Word for word, restate the lines that run from the line containing "Same format, now for the sandal" to the last line of the records below.

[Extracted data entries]
#####
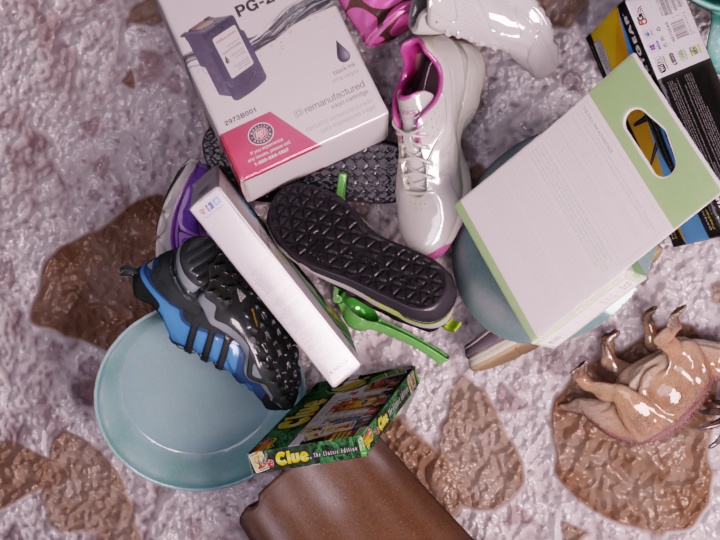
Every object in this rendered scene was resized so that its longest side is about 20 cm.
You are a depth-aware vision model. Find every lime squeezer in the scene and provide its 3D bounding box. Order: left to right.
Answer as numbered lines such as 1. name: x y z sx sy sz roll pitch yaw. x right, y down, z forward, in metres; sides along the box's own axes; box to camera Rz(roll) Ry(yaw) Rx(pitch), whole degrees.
1. lime squeezer: 0.003 0.012 1.335 0.070 0.038 0.201 -22 101 35

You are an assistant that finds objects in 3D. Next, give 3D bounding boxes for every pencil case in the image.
1. pencil case: -0.002 -0.305 1.292 0.093 0.091 0.201 -29 89 12

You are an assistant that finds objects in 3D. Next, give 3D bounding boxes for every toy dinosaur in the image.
1. toy dinosaur: 0.267 0.108 1.255 0.199 0.086 0.136 -33 92 23

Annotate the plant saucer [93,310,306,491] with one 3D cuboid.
1. plant saucer: -0.151 0.114 1.369 0.198 0.036 0.201 -3 112 -7

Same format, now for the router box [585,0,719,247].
1. router box: 0.259 -0.124 1.193 0.051 0.149 0.201 -22 88 -3

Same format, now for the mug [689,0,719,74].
1. mug: 0.306 -0.272 1.185 0.152 0.114 0.185 42 106 8

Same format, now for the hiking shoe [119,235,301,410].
1. hiking shoe: -0.125 0.052 1.301 0.086 0.075 0.200 -15 124 29

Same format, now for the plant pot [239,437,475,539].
1. plant pot: 0.007 0.258 1.299 0.200 0.200 0.199 -43 74 16

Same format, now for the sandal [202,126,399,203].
1. sandal: -0.049 -0.096 1.351 0.199 0.048 0.076 10 97 3

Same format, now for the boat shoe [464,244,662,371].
1. boat shoe: 0.170 0.017 1.281 0.200 0.072 0.065 -36 76 16

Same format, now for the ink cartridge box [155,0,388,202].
1. ink cartridge box: -0.080 -0.187 1.293 0.144 0.084 0.201 -25 80 -4

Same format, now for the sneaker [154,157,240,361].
1. sneaker: -0.151 -0.008 1.383 0.083 0.081 0.201 3 106 1

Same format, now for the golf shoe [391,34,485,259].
1. golf shoe: 0.054 -0.112 1.272 0.075 0.091 0.202 3 84 36

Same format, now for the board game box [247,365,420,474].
1. board game box: -0.019 0.129 1.278 0.104 0.200 0.024 -14 99 17

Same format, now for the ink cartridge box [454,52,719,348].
1. ink cartridge box: 0.185 -0.053 1.160 0.200 0.048 0.146 -40 61 24

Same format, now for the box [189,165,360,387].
1. box: -0.077 0.001 1.285 0.036 0.144 0.200 -36 103 3

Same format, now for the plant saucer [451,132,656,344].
1. plant saucer: 0.157 -0.037 1.243 0.200 0.039 0.202 -13 64 30

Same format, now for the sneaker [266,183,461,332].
1. sneaker: 0.000 0.000 1.285 0.199 0.083 0.072 34 75 17

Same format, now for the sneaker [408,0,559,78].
1. sneaker: 0.091 -0.227 1.241 0.099 0.078 0.200 -41 118 8
#####
** Answer to the exercise **
Same format, now for the sandal [202,126,399,203].
1. sandal: -0.049 -0.096 1.351 0.199 0.048 0.076 10 97 3

Same format, now for the boat shoe [464,244,662,371].
1. boat shoe: 0.170 0.017 1.281 0.200 0.072 0.065 -36 76 16

Same format, now for the ink cartridge box [155,0,388,202].
1. ink cartridge box: -0.080 -0.187 1.293 0.144 0.084 0.201 -25 80 -4

Same format, now for the sneaker [154,157,240,361].
1. sneaker: -0.151 -0.008 1.383 0.083 0.081 0.201 3 106 1

Same format, now for the golf shoe [391,34,485,259].
1. golf shoe: 0.054 -0.112 1.272 0.075 0.091 0.202 3 84 36

Same format, now for the board game box [247,365,420,474].
1. board game box: -0.019 0.129 1.278 0.104 0.200 0.024 -14 99 17

Same format, now for the ink cartridge box [454,52,719,348].
1. ink cartridge box: 0.185 -0.053 1.160 0.200 0.048 0.146 -40 61 24

Same format, now for the box [189,165,360,387].
1. box: -0.077 0.001 1.285 0.036 0.144 0.200 -36 103 3

Same format, now for the plant saucer [451,132,656,344].
1. plant saucer: 0.157 -0.037 1.243 0.200 0.039 0.202 -13 64 30

Same format, now for the sneaker [266,183,461,332].
1. sneaker: 0.000 0.000 1.285 0.199 0.083 0.072 34 75 17

Same format, now for the sneaker [408,0,559,78].
1. sneaker: 0.091 -0.227 1.241 0.099 0.078 0.200 -41 118 8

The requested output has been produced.